■ **WHAT TO PRODUCE**
Search the records below for "each" and copy every line it turns up in.

DATA EXTRACTS: Begin

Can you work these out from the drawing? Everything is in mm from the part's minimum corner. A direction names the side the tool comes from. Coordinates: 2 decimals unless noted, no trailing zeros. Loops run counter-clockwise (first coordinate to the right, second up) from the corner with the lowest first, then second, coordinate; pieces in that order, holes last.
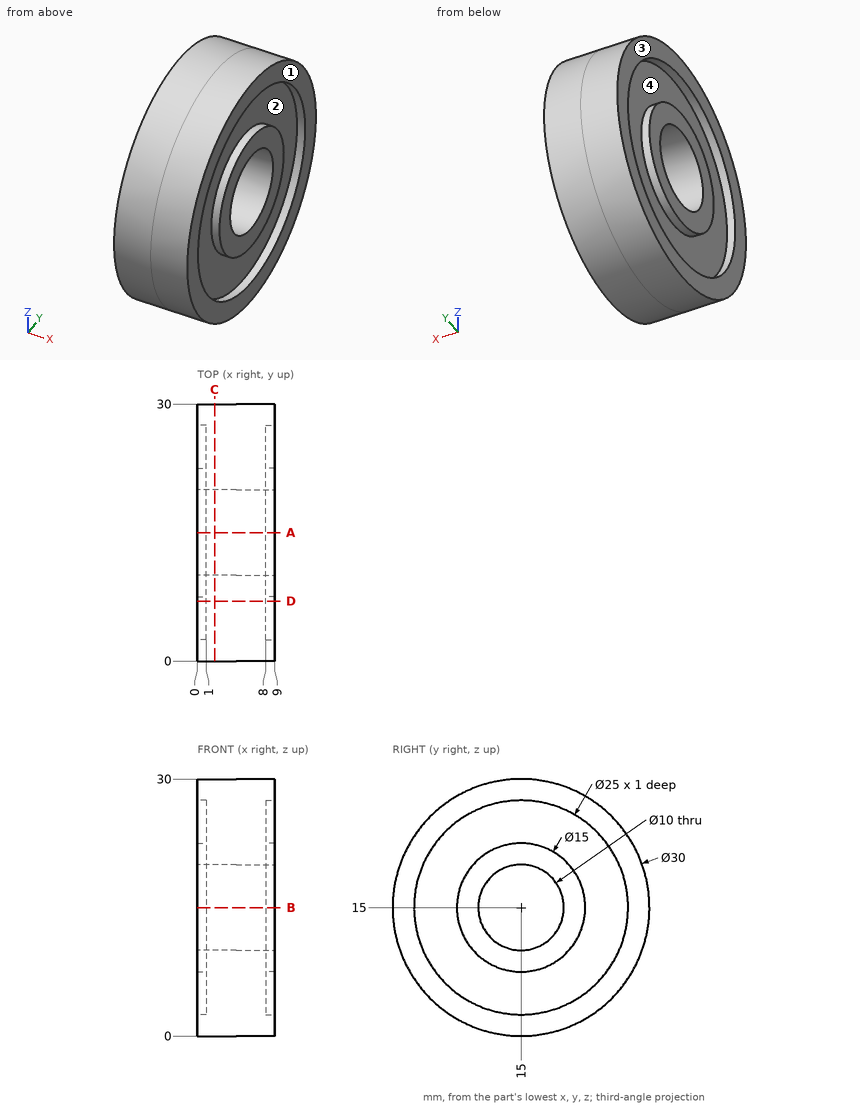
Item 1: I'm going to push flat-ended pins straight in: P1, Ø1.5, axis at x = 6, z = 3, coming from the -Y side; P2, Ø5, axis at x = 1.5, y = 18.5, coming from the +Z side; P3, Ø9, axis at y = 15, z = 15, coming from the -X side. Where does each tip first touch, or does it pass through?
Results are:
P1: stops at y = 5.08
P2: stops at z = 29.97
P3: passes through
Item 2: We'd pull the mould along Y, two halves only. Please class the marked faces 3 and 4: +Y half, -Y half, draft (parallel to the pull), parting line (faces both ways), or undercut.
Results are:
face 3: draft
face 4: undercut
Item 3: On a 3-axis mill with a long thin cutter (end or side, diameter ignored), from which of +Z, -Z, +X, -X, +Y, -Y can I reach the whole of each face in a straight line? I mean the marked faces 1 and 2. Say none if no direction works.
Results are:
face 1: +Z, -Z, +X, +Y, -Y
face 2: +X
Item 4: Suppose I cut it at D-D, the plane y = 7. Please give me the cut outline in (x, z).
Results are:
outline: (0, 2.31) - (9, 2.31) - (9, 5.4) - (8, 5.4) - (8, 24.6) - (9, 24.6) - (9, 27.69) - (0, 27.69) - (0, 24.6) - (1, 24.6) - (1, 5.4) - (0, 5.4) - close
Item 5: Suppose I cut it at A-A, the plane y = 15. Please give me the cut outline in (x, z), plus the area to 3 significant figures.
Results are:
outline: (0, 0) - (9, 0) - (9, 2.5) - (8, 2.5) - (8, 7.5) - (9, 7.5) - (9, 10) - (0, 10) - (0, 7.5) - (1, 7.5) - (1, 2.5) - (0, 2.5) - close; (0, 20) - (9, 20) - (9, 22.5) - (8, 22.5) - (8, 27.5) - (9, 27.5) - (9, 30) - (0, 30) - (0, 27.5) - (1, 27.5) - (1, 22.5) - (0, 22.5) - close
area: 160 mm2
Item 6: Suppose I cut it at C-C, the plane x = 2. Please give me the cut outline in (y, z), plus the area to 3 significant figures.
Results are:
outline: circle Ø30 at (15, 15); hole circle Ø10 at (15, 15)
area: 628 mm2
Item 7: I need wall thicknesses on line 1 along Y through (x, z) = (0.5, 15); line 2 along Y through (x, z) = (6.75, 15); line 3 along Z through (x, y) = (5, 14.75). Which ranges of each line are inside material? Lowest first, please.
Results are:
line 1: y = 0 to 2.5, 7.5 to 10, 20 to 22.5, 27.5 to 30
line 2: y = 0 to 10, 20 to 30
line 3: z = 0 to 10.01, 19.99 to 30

DATA EXTRACTS: End

■ **EXERCISE ANSWER**
Item 1: I'm going to push flat-ended pins straight in: P1, Ø1.5, axis at x = 6, z = 3, coming from the -Y side; P2, Ø5, axis at x = 1.5, y = 18.5, coming from the +Z side; P3, Ø9, axis at y = 15, z = 15, coming from the -X side. Where does each tip first touch, or does it pass through?
Item 3: On a 3-axis mill with a long thin cutter (end or side, diameter ignored), from which of +Z, -Z, +X, -X, +Y, -Y can I reach the whole of each face in a straight line? I mean the marked faces 1 and 2. Say none if no direction works.
Item 7: I need wall thicknesses on line 1 along Y through (x, z) = (0.5, 15); line 2 along Y through (x, z) = (6.75, 15); line 3 along Z through (x, y) = (5, 14.75). Which ranges of each line are inside material? Lowest first, please.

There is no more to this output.